子どものころにあこがれたロボットを自分たちの手で形にした。バイクのような乗り物に変身できる二足歩行型で、岐阜高専(本巣市)のロボット研究会が約4カ月かけて完成させた。21日に東京の両国国技館で開かれる「全国高専ロボコン」で全国デビューする。
「子どものころにテレビで見たカーレンジャーみたいな変身ロボットを作りたかったんです」。リーダーの春見光揮(こうき)さん(4年)は、熱っぽく語る。今年のロボコンは、全国の約120チームから選ばれた25体のロボットが7.5メートルのコースを往復して速さを競う。往路は人間のように歩き、復路は人が乗った乗り物をロボットが運ぶルールだ。

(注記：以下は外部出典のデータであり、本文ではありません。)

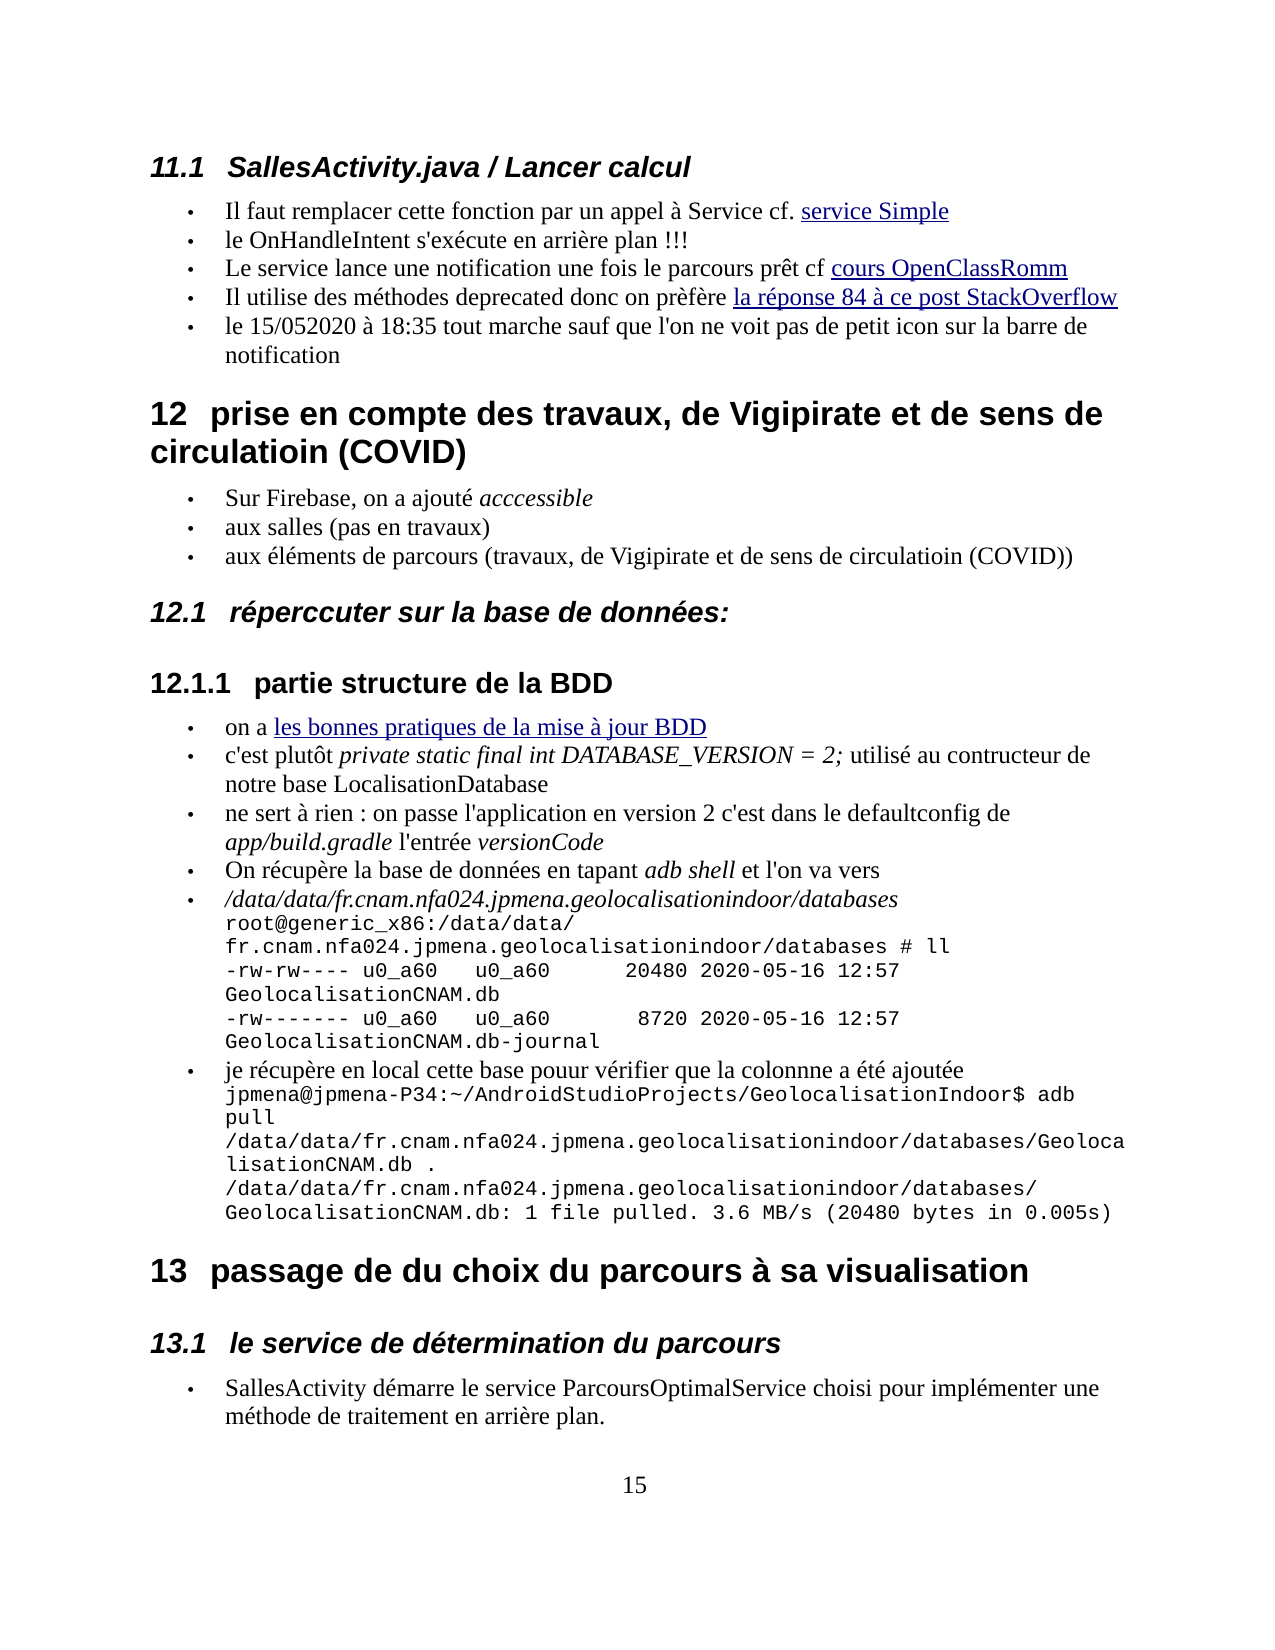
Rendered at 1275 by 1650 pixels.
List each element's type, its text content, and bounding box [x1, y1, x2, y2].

list -rw-rw---- u0_a60 u0_a60 20480 2020-05-16 12:57 GeolocalisationCNAM.db [187, 960, 1125, 1007]
list Le service lance une notification une fois le parcours prêt cf cours OpenClassRomm [187, 253, 1125, 282]
subtitle passage de du choix du parcours à sa visualisation [150, 1250, 1125, 1289]
subtitle SallesActivity.java / Lancer calcul [150, 150, 1125, 183]
list ne sert à rien : on passe l'application en version 2 c'est dans le defaultconfig de app/build.gradle l'entrée versionCode [187, 798, 1125, 855]
list aux salles (pas en travaux) [187, 512, 1125, 541]
list on a les bonnes pratiques de la mise à jour BDD [187, 712, 1125, 740]
subtitle réperccuter sur la base de données: [150, 594, 1125, 628]
list jpmena@jpmena-P34:~/AndroidStudioProjects/GeolocalisationIndoor$ adb pull /data/data/fr.cnam.nfa024.jpmena.geolocalisationindoor/databases/GeolocalisationCNAM.db . [187, 1083, 1125, 1178]
list c'est plutôt private static final int DATABASE_VERSION = 2; utilisé au contructeur de notre base LocalisationDatabase [187, 740, 1125, 798]
list je récupère en local cette base pouur vérifier que la colonnne a été ajoutée [187, 1055, 1125, 1083]
subtitle le service de détermination du parcours [150, 1327, 1125, 1360]
subtitle prise en compte des travaux, de Vigipirate et de sens de circulatioin (COVID) [150, 393, 1125, 471]
list root@generic_x86:/data/data/fr.cnam.nfa024.jpmena.geolocalisationindoor/databases # ll [187, 913, 1125, 960]
list SallesActivity démarre le service ParcoursOptimalService choisi pour implémenter une méthode de traitement en arrière plan. [187, 1373, 1125, 1430]
subtitle partie structure de la BDD [150, 666, 1125, 699]
list /data/data/fr.cnam.nfa024.jpmena.geolocalisationindoor/databases [187, 884, 1125, 913]
list /data/data/fr.cnam.nfa024.jpmena.geolocalisationindoor/databases/GeolocalisationCNAM.db: 1 file pulled. 3.6 MB/s (20480 bytes in 0.005s) [187, 1178, 1125, 1225]
list le 15/052020 à 18:35 tout marche sauf que l'on ne voit pas de petit icon sur la barre de notification [187, 311, 1125, 368]
list Il faut remplacer cette fonction par un appel à Service cf. service Simple [187, 196, 1125, 225]
list Il utilise des méthodes deprecated donc on prèfère la réponse 84 à ce post StackOverflow [187, 282, 1125, 311]
list -rw------- u0_a60 u0_a60 8720 2020-05-16 12:57 GeolocalisationCNAM.db-journal [187, 1007, 1125, 1055]
list le OnHandleIntent s'exécute en arrière plan !!! [187, 225, 1125, 253]
list Sur Firebase, on a ajouté acccessible [187, 483, 1125, 512]
list On récupère la base de données en tapant adb shell et l'on va vers [187, 855, 1125, 884]
list aux éléments de parcours (travaux, de Vigipirate et de sens de circulatioin (COVID)) [187, 541, 1125, 569]
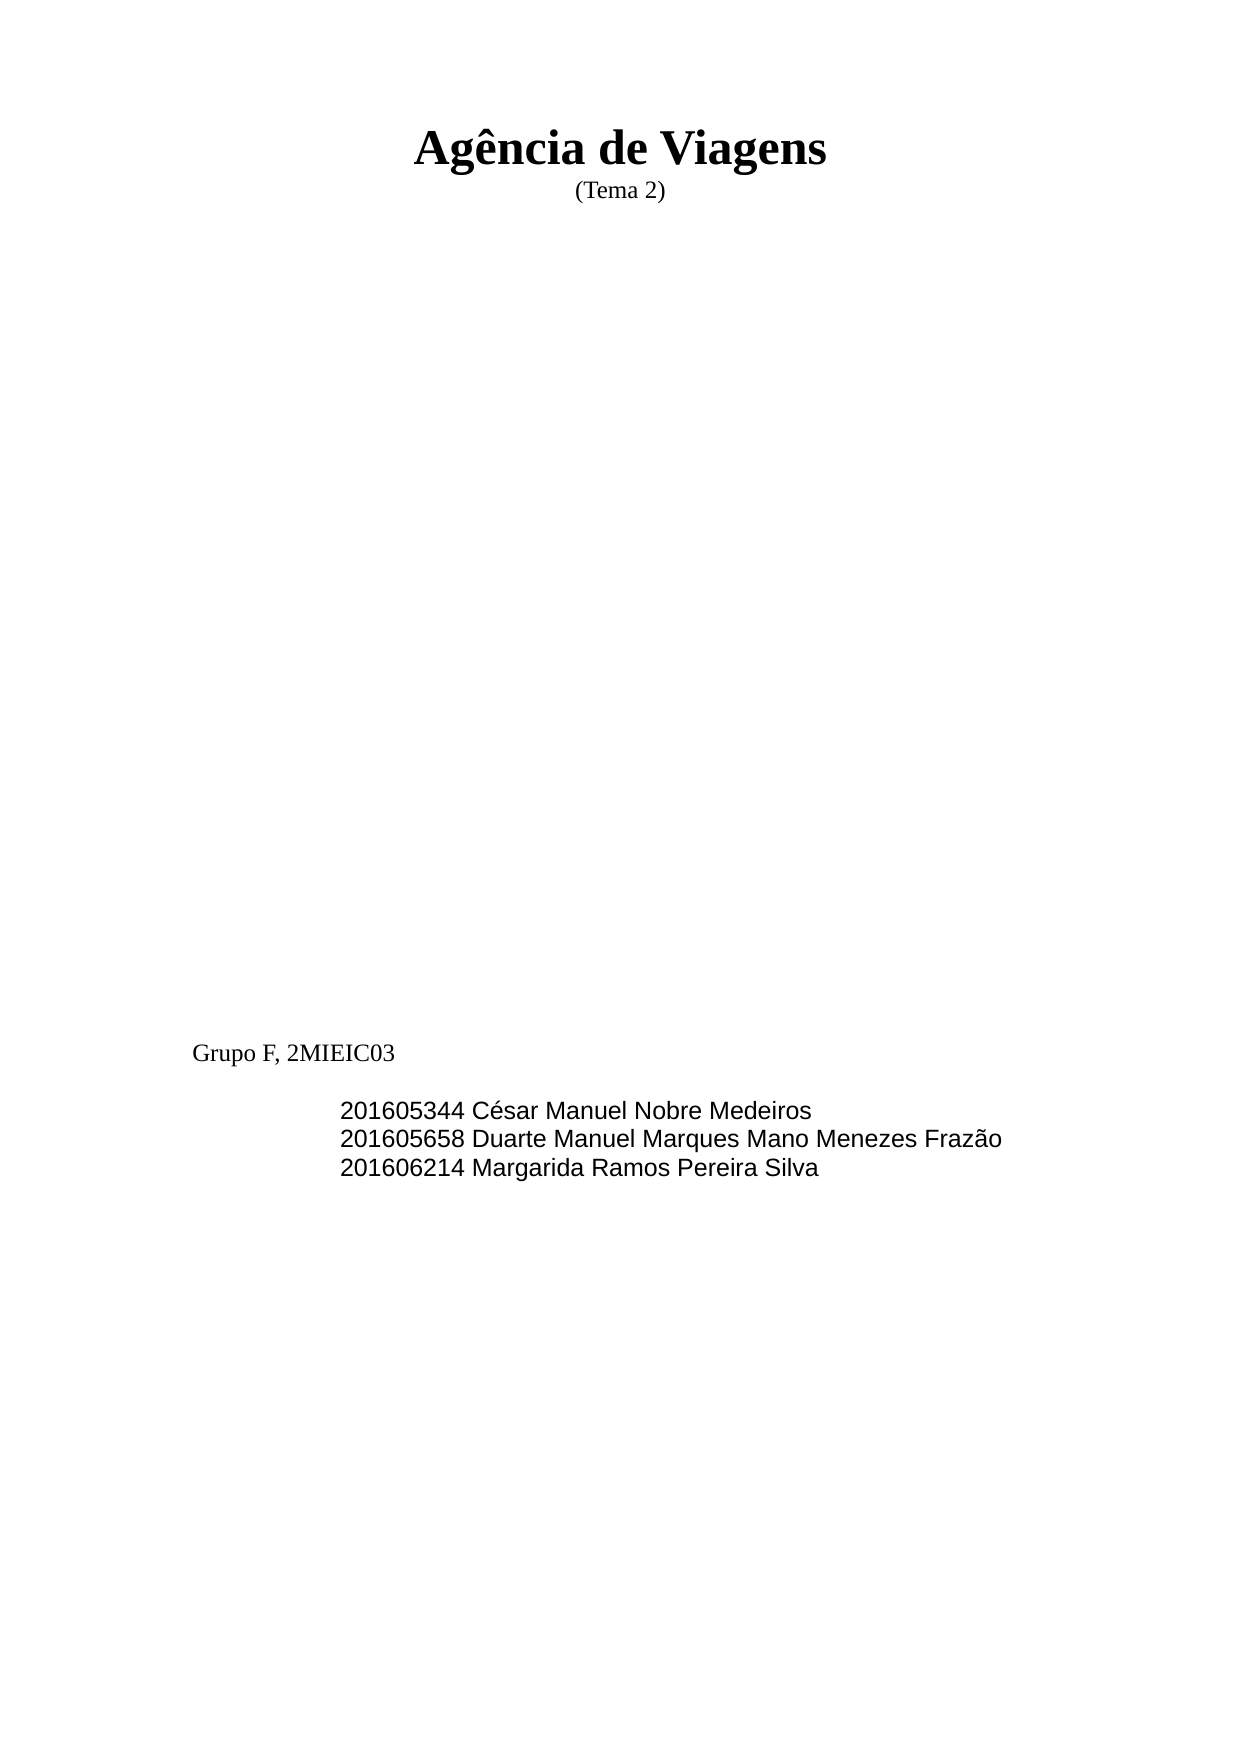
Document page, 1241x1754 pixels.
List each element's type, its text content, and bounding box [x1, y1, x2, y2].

text 201606214 Margarida Ramos Pereira Silva [118, 1153, 1122, 1182]
text Grupo F, 2MIEIC03 [118, 1038, 1122, 1067]
text Agência de Viagens [118, 118, 1122, 176]
text 201605658 Duarte Manuel Marques Mano Menezes Frazão [118, 1124, 1122, 1153]
text 201605344 César Manuel Nobre Medeiros [118, 1096, 1122, 1124]
text (Tema 2) [118, 176, 1122, 204]
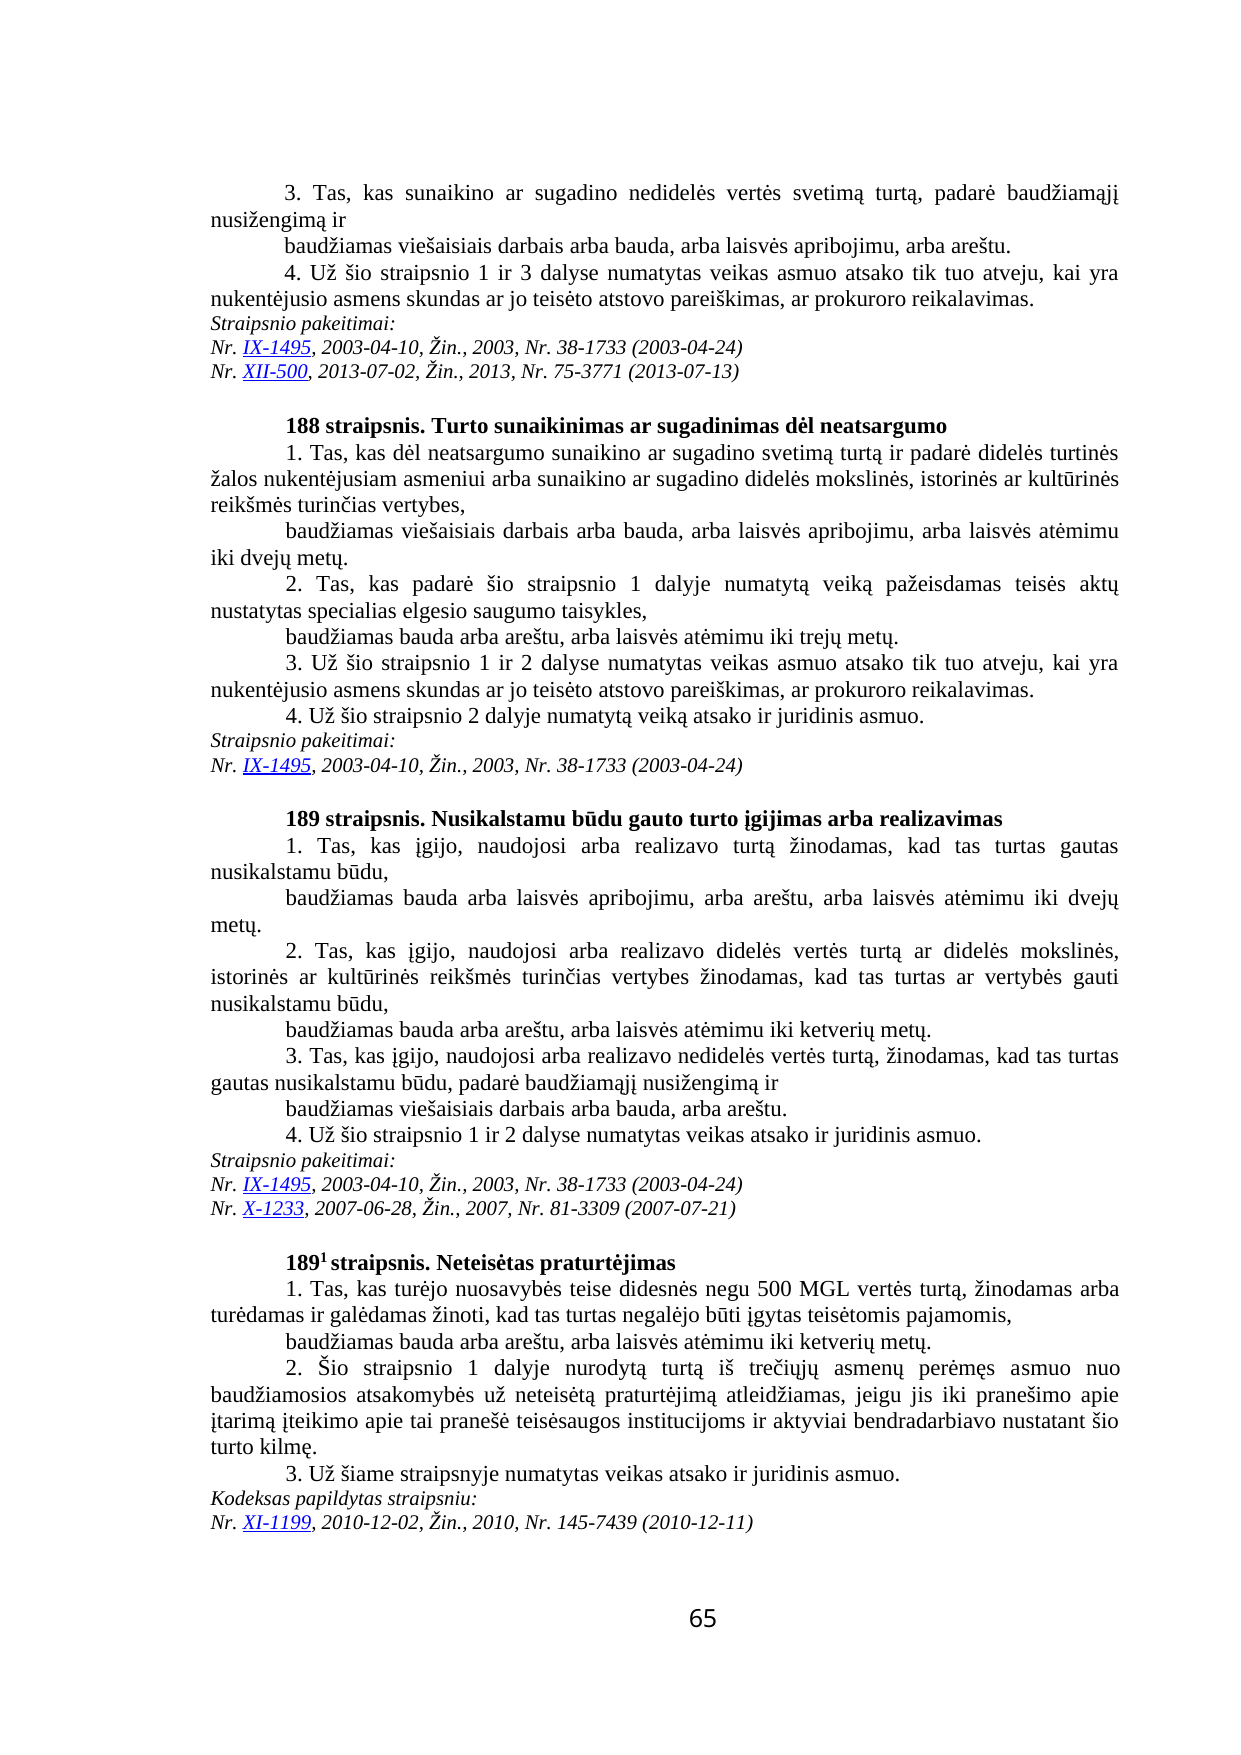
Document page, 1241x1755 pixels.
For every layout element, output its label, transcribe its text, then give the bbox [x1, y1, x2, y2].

text 1. Tas, kas dėl neatsargumo sunaikino ar sugadino svetimą turtą ir padarė didelės turtinės žalos nukentėjusiam asmeniui arba sunaikino ar sugadino didelės mokslinės, istorinės ar kultūrinės reikšmės turinčias vertybes, [210, 438, 1120, 518]
text baudžiamas bauda arba laisvės apribojimu, arba areštu, arba laisvės atėmimu iki dvejų metų. [210, 884, 1120, 937]
text Nr. IX-1495, 2003-04-10, Žin., 2003, Nr. 38-1733 (2003-04-24) [210, 335, 1120, 359]
text 188 straipsnis. Turto sunaikinimas ar sugadinimas dėl neatsargumo [210, 412, 1120, 438]
text baudžiamas bauda arba areštu, arba laisvės atėmimu iki ketverių metų. [210, 1016, 1120, 1042]
text Kodeksas papildytas straipsniu: [210, 1486, 1120, 1510]
text baudžiamas bauda arba areštu, arba laisvės atėmimu iki trejų metų. [210, 623, 1120, 649]
text Nr. IX-1495, 2003-04-10, Žin., 2003, Nr. 38-1733 (2003-04-24) [210, 752, 1120, 777]
text Straipsnio pakeitimai: [210, 1148, 1120, 1172]
text 4. Už šio straipsnio 1 ir 2 dalyse numatytas veikas atsako ir juridinis asmuo. [210, 1122, 1120, 1148]
text baudžiamas viešaisiais darbais arba bauda, arba areštu. [210, 1095, 1120, 1122]
text 3. Už šio straipsnio 1 ir 2 dalyse numatytas veikas asmuo atsako tik tuo atveju, kai yra nukentėjusio asmens skundas ar jo teisėto atstovo pareiškimas, ar prokuroro reikalavimas. [210, 649, 1120, 702]
text Nr. XI-1199, 2010-12-02, Žin., 2010, Nr. 145-7439 (2010-12-11) [210, 1510, 1120, 1534]
text 2. Tas, kas padarė šio straipsnio 1 dalyje numatytą veiką pažeisdamas teisės aktų nustatytas specialias elgesio saugumo taisykles, [210, 570, 1120, 623]
text baudžiamas viešaisiais darbais arba bauda, arba laisvės apribojimu, arba areštu. [210, 232, 1120, 258]
text 189 straipsnis. Nusikalstamu būdu gauto turto įgijimas arba realizavimas [210, 805, 1120, 832]
text 4. Už šio straipsnio 2 dalyje numatytą veiką atsako ir juridinis asmuo. [210, 702, 1120, 728]
text Nr. IX-1495, 2003-04-10, Žin., 2003, Nr. 38-1733 (2003-04-24) [210, 1172, 1120, 1196]
text 1891 straipsnis. Neteisėtas praturtėjimas [210, 1249, 1120, 1275]
text baudžiamas bauda arba areštu, arba laisvės atėmimu iki ketverių metų. [210, 1328, 1120, 1354]
text Nr. XII-500, 2013-07-02, Žin., 2013, Nr. 75-3771 (2013-07-13) [210, 359, 1120, 383]
text 4. Už šio straipsnio 1 ir 3 dalyse numatytas veikas asmuo atsako tik tuo atveju, kai yra nukentėjusio asmens skundas ar jo teisėto atstovo pareiškimas, ar prokuroro reikalavimas. [210, 258, 1120, 311]
text 1. Tas, kas įgijo, naudojosi arba realizavo turtą žinodamas, kad tas turtas gautas nusikalstamu būdu, [210, 832, 1120, 884]
text 2. Tas, kas įgijo, naudojosi arba realizavo didelės vertės turtą ar didelės mokslinės, istorinės ar kultūrinės reikšmės turinčias vertybes žinodamas, kad tas turtas ar vertybės gauti nusikalstamu būdu, [210, 937, 1120, 1016]
text 3. Už šiame straipsnyje numatytas veikas atsako ir juridinis asmuo. [210, 1460, 1120, 1486]
text Nr. X-1233, 2007-06-28, Žin., 2007, Nr. 81-3309 (2007-07-21) [210, 1196, 1120, 1220]
text baudžiamas viešaisiais darbais arba bauda, arba laisvės apribojimu, arba laisvės atėmimu iki dvejų metų. [210, 518, 1120, 570]
text 3. Tas, kas įgijo, naudojosi arba realizavo nedidelės vertės turtą, žinodamas, kad tas turtas gautas nusikalstamu būdu, padarė baudžiamąjį nusižengimą ir [210, 1042, 1120, 1095]
text 2. Šio straipsnio 1 dalyje nurodytą turtą iš trečiųjų asmenų perėmęs asmuo nuo baudžiamosios atsakomybės už neteisėtą praturtėjimą atleidžiamas, jeigu jis iki pranešimo apie įtarimą įteikimo apie tai pranešė teisėsaugos institucijoms ir aktyviai bendradarbiavo nustatant šio turto kilmę. [210, 1354, 1120, 1460]
text Straipsnio pakeitimai: [210, 728, 1120, 752]
text 1. Tas, kas turėjo nuosavybės teise didesnės negu 500 MGL vertės turtą, žinodamas arba turėdamas ir galėdamas žinoti, kad tas turtas negalėjo būti įgytas teisėtomis pajamomis, [210, 1275, 1120, 1328]
text Straipsnio pakeitimai: [210, 311, 1120, 335]
text 3. Tas, kas sunaikino ar sugadino nedidelės vertės svetimą turtą, padarė baudžiamąjį nusižengimą ir [210, 179, 1120, 232]

春見さんのチームは、折り返し地点でロボットと二輪車が合体し、バイクのような姿になってゴールをめざす。「変身型」は珍しく、予選の東海北陸地区大会では、このアイデアも高く評価された。
名前は「Accel(アクセル)」。アルミ製で体長140センチ、体重25キロ。人間のようななめらかな動きに近づけようと、ひざや足首などの両足の関節部分に計12個のモーターをつけ、複雑な動きを可能にした。歩行の速さは時速1キロでやや遅めだが、「技術力には自信がある」という。500点ほどのパーツをすべて手作りした。
大会に出場するため、5月にチームを結成。研究会の4年生11人と2年生3人で、まずは設計図づくりに取り組んだ。ホンダの人間型ロボット「ASIMO(アシモ)」などの動きをビデオで繰り返し観察したという。
「製作は失敗の繰り返しだった」。二足歩行はバランスを取るのが難しい。体が大きく揺れてなかなか前に進まなかった。最初は160センチあった体長を20センチ小さくし、足の裏に衝撃を吸収するバネをつけて解決した。
毎日、午後4時半から部室にこもった。ロボットが転倒するなど、失敗すれば一から作り直しだ。カップめんをすすりながら徹夜したこともあった。7.5メートルの歩行テストは2千回以上。操縦担当の野村真成(なおき)さん(4年)は「試行錯誤している時が面白かった」と振り返る。
4台目でやっと完成した「アクセル」。仰向けにして足の部分を二輪車と接続する。背中の部分にある、二つのおおぎ型の足を交互に動かして前進する仕組みだ。